TASK REQUIREMENTS
Copy each line below as written, but skip the pictures.

DATA
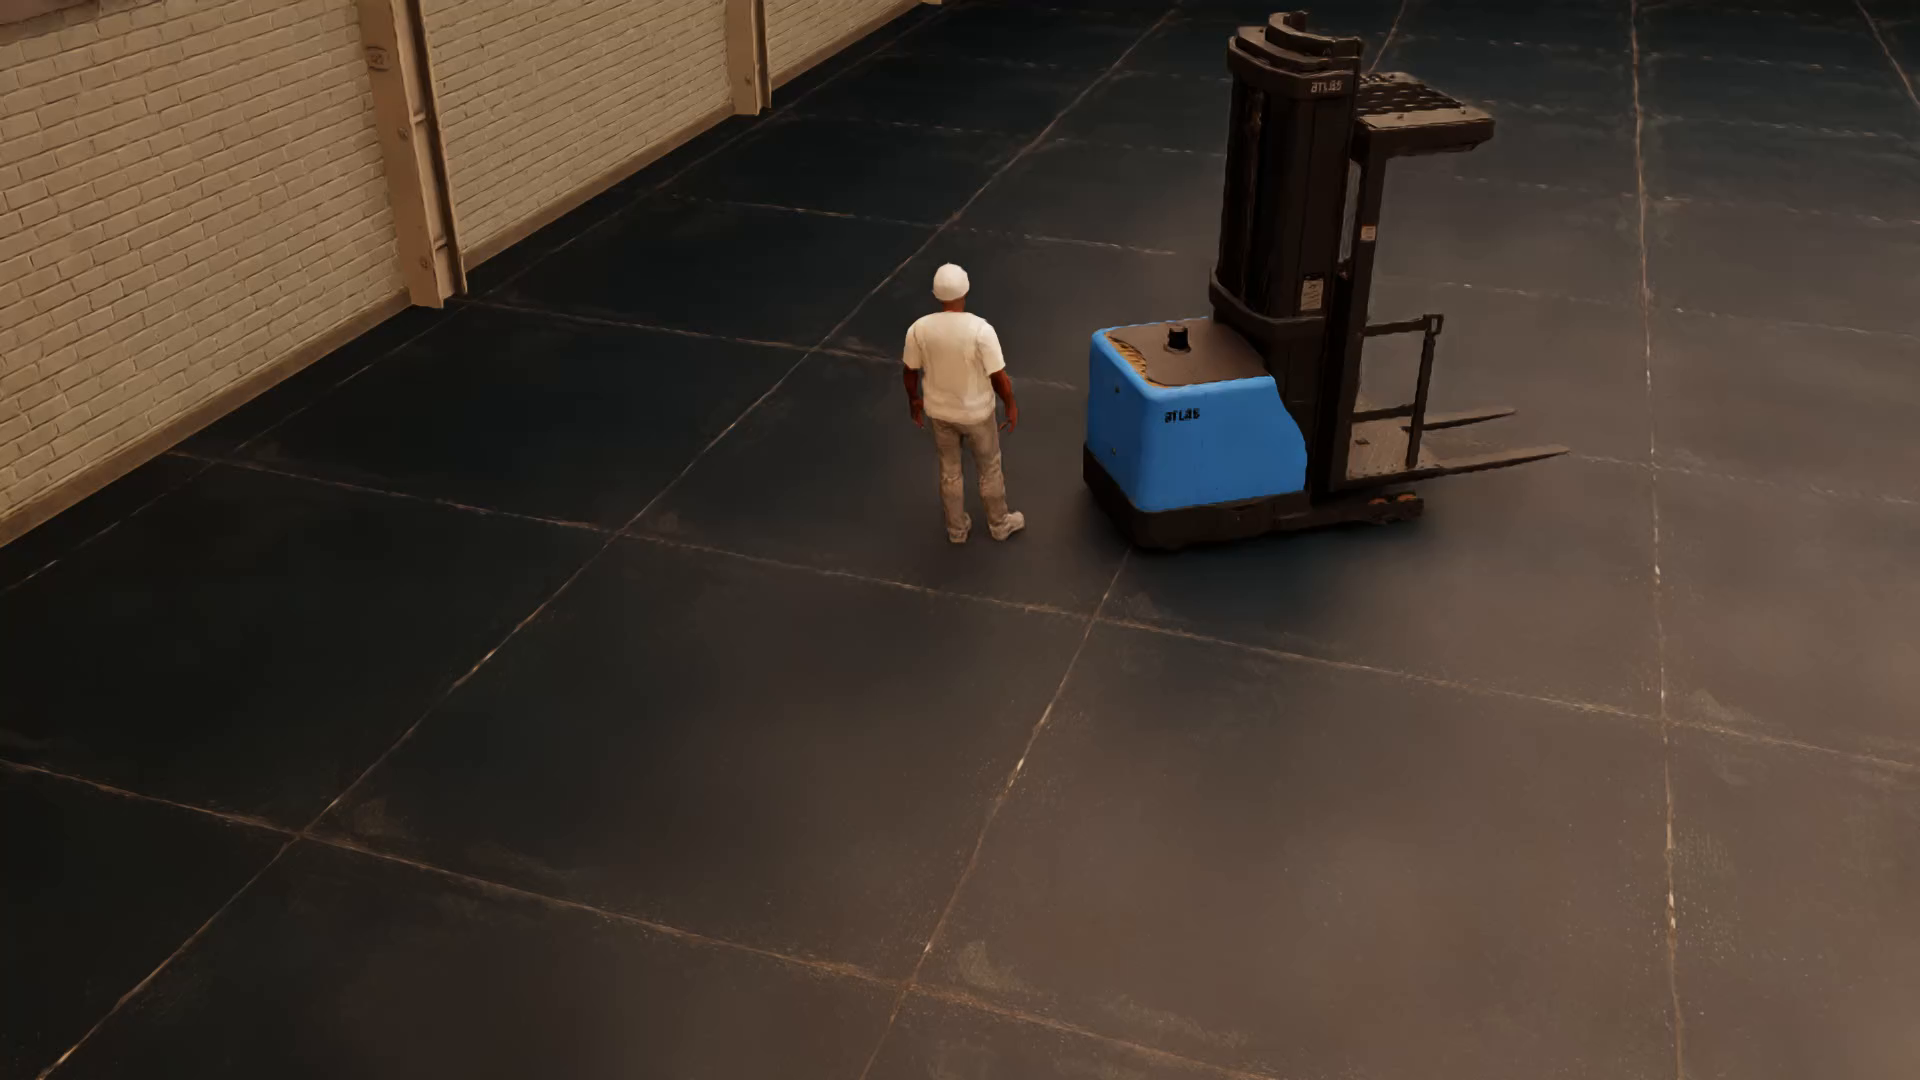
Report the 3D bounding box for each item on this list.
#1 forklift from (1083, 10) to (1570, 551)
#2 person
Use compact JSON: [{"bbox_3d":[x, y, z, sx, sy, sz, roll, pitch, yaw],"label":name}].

TASK SOLUTION
Report the 3D bounding box for each item on this list.
#1 forklift from (1083, 10) to (1570, 551)
#2 person
Use compact JSON: [{"bbox_3d":[x, y, z, sx, sy, sz, roll, pitch, yaw],"label":name}].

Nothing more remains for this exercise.